Marine teleost also have a functionally distinct latter section of the proximal segment for the recovery of water, some sodium and chloride, and glucose. There is no distal tubule segment in marine teleost’s, so the urine passes from the proximal tubule through the collecting duct and into the bladder where additional sodium and chloride can be recovered if needed. In addition, the bladder of marine teleost’s is permeable to water, unlike that of freshwater teleost’s, providing an additional opportunity for water recovery. This is why marine teleost’s can produce urine that is isotonic with their blood, whereas freshwater teleost’s can only produce dilute urine.

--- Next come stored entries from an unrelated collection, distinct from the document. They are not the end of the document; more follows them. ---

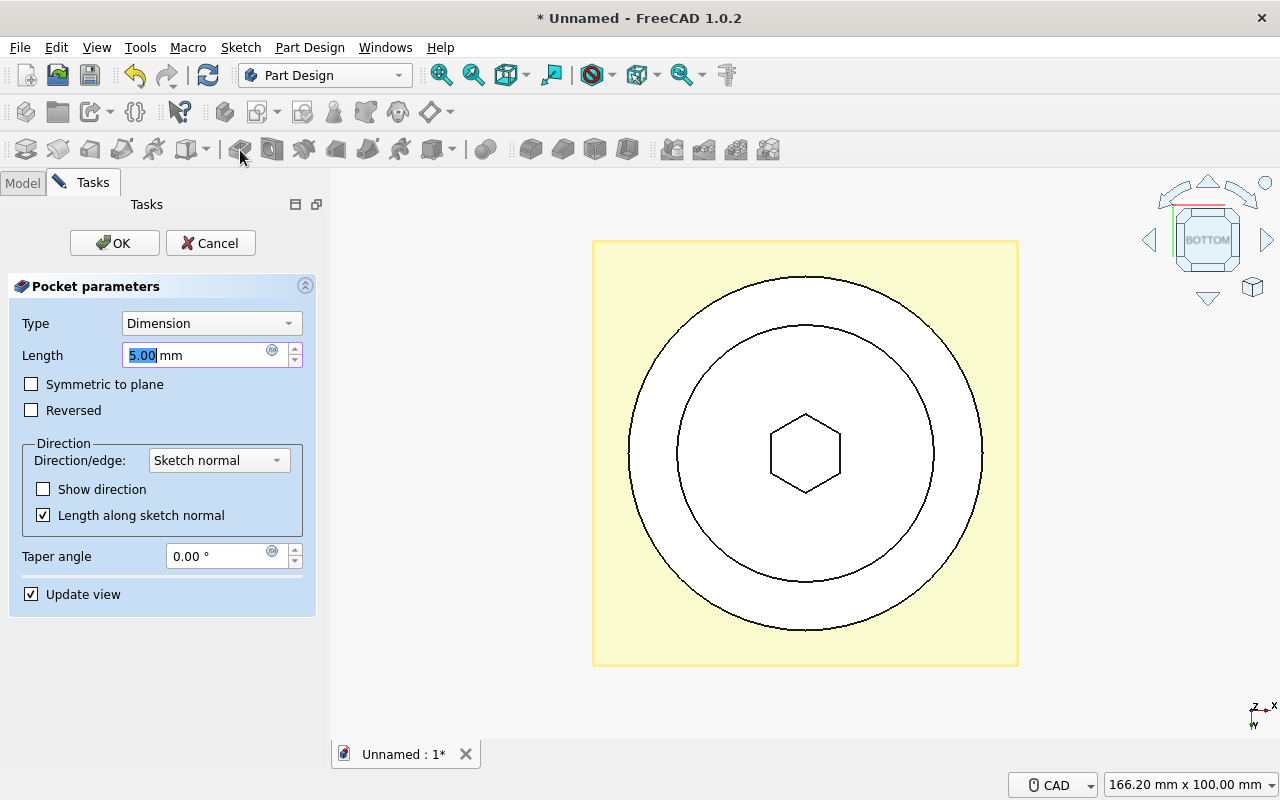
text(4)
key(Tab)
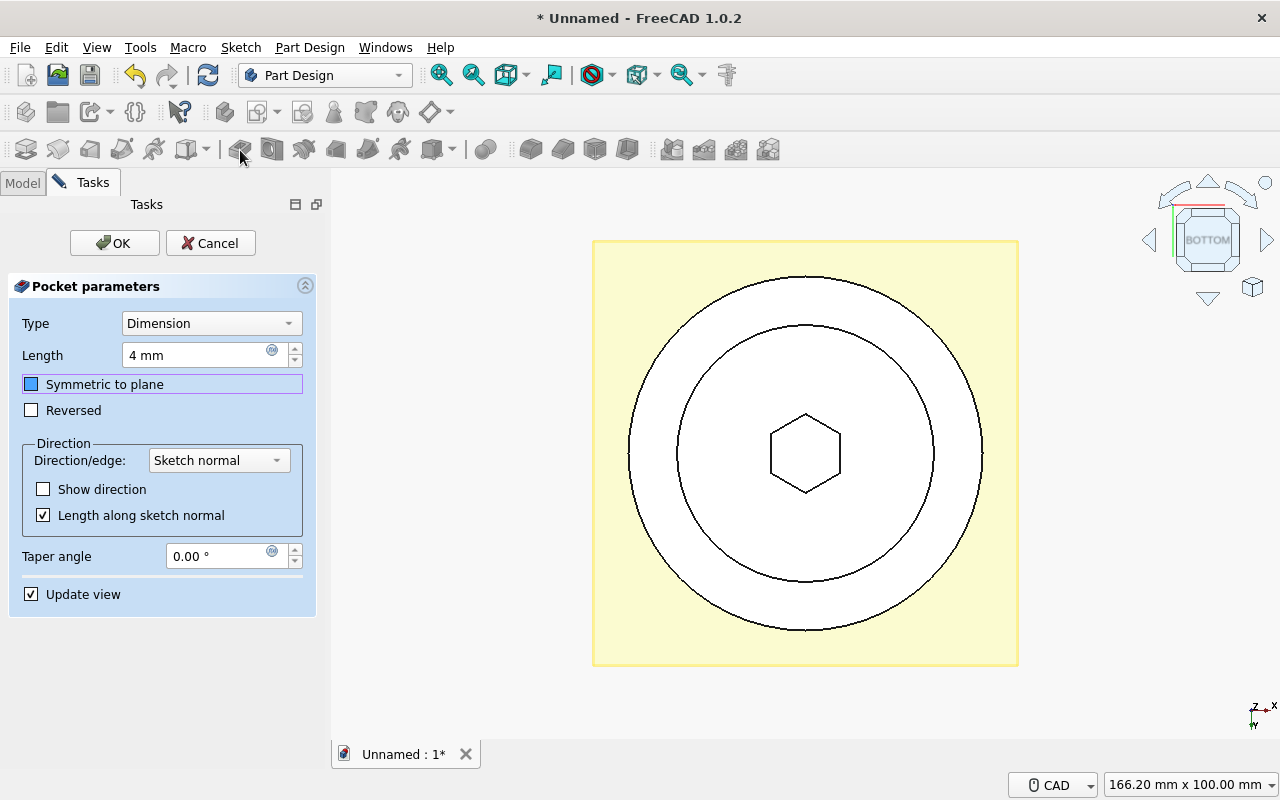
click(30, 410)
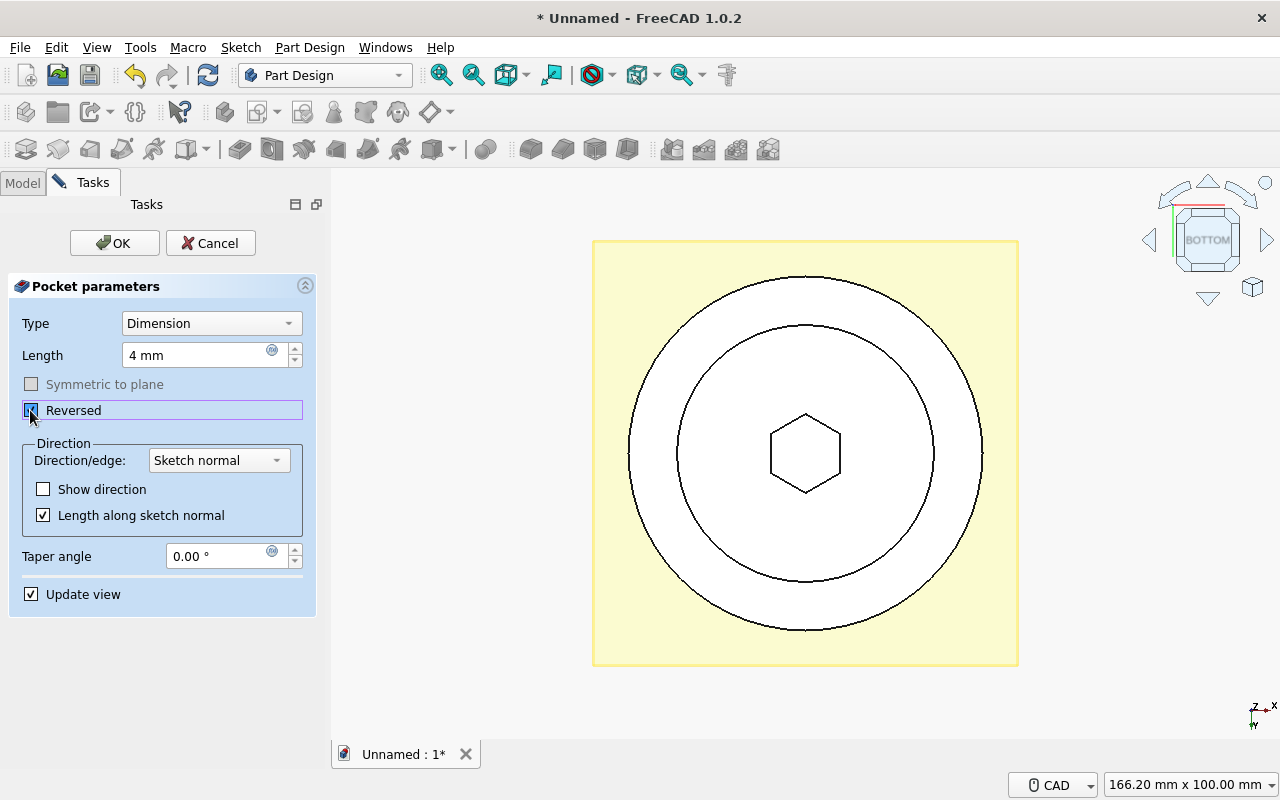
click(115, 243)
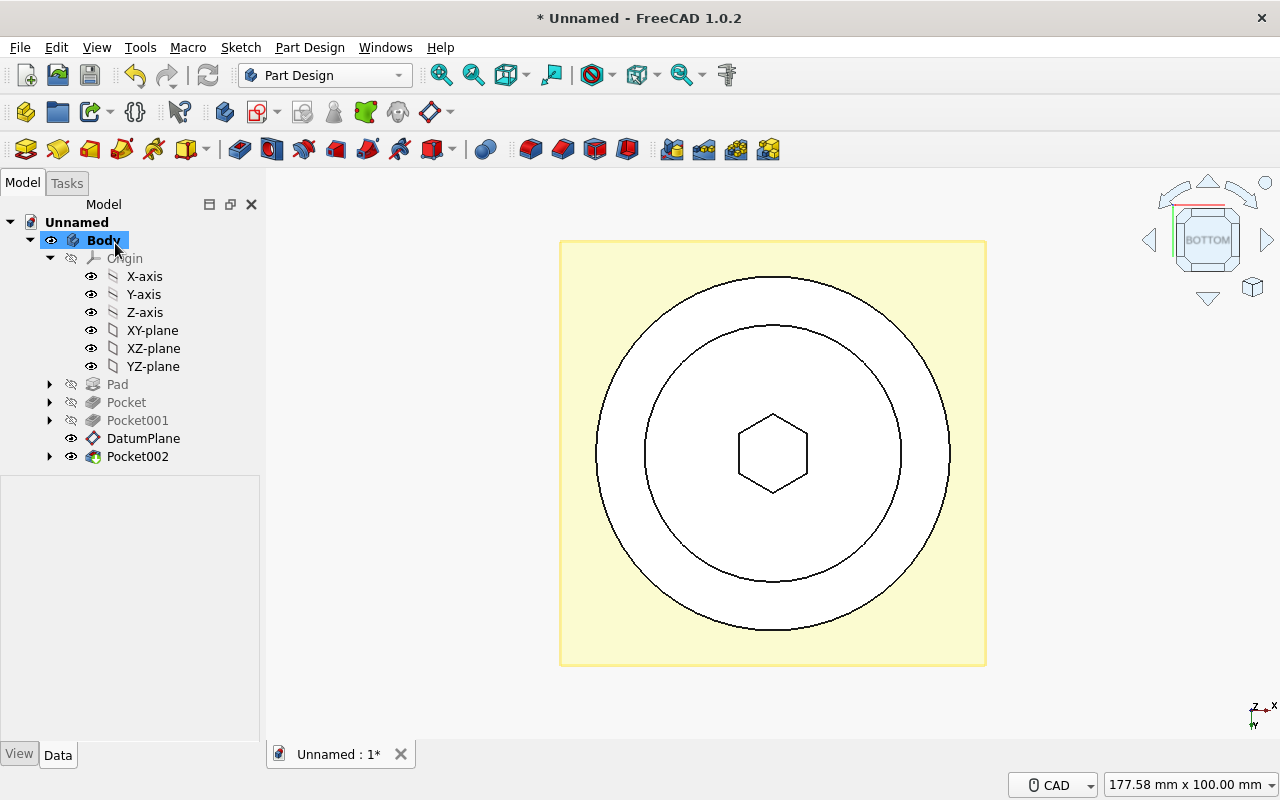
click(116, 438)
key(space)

Teleost’s that migrate between fresh and salt water, such as salmonids, must make appropriate adjustments in the mitochondria-rich cells of the gill epithelium to physiologically adapt to the dramatic change in osmo regulatory environment. For example, as Arctic Char migrate from the ocean into rivers, the membrane proteins of the gill epithelial cells responsible for sodium–potassium exchange increase in abundance, and so do the plasma sodium concentration and blood osmolality (Bystriansky et al. 2007). This apparently is the result of increased activity of the genetic and molecular mechanisms responsible for creating these proteins, and also provides evidence that this sodium–potassium exchange plays an important role in sodium uptake in freshwater fishes. Bystriansky et al. (2007) also note that there are apparently two forms of this sodium–potassium exchange protein, one that excretes excess sodium from saltwater fishes and another that assists with sodium uptake in freshwater fishes.